■ **Materials provided**
━━━━━━━━━━━━━━━━━━━━
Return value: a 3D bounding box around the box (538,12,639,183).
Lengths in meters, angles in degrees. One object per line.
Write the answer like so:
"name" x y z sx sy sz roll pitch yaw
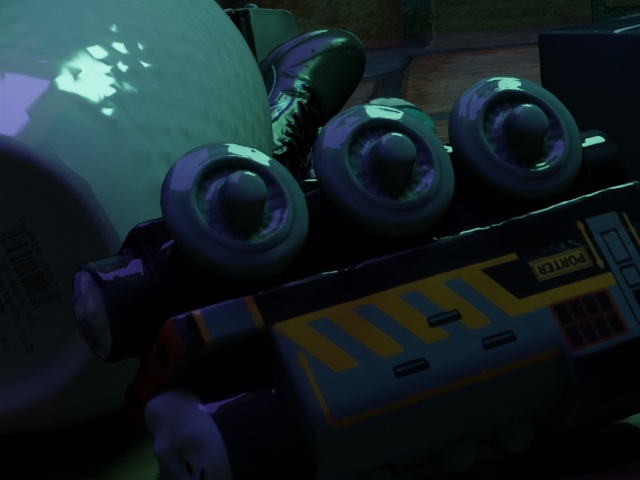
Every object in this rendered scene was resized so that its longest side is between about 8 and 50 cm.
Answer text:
"box" 0.409 -0.104 1.607 0.312 0.179 0.343 -15 14 -38

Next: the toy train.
"toy train" 0.042 0.034 1.035 0.334 0.190 0.142 -15 -22 -29

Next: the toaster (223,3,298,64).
"toaster" -0.110 -0.180 2.328 0.168 0.185 0.110 -7 5 37

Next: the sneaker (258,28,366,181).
"sneaker" -0.039 -0.085 1.790 0.267 0.101 0.106 -47 39 -17

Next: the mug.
"mug" -0.187 -0.070 1.203 0.276 0.374 0.328 -9 17 7

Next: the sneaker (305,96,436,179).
"sneaker" 0.065 -0.058 1.830 0.110 0.107 0.275 17 21 12

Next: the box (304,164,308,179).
"box" -0.092 -0.055 1.960 0.159 0.044 0.233 -6 10 -2
━━━━━━━━━━━━━━━━━━━━
■ **Required action**
Everything from the line with "Next: the toaster (223,3,298,64)." through the last line of the data above, please return word for word, and no other line.

■ **Result**
Next: the toaster (223,3,298,64).
"toaster" -0.110 -0.180 2.328 0.168 0.185 0.110 -7 5 37

Next: the sneaker (258,28,366,181).
"sneaker" -0.039 -0.085 1.790 0.267 0.101 0.106 -47 39 -17

Next: the mug.
"mug" -0.187 -0.070 1.203 0.276 0.374 0.328 -9 17 7

Next: the sneaker (305,96,436,179).
"sneaker" 0.065 -0.058 1.830 0.110 0.107 0.275 17 21 12

Next: the box (304,164,308,179).
"box" -0.092 -0.055 1.960 0.159 0.044 0.233 -6 10 -2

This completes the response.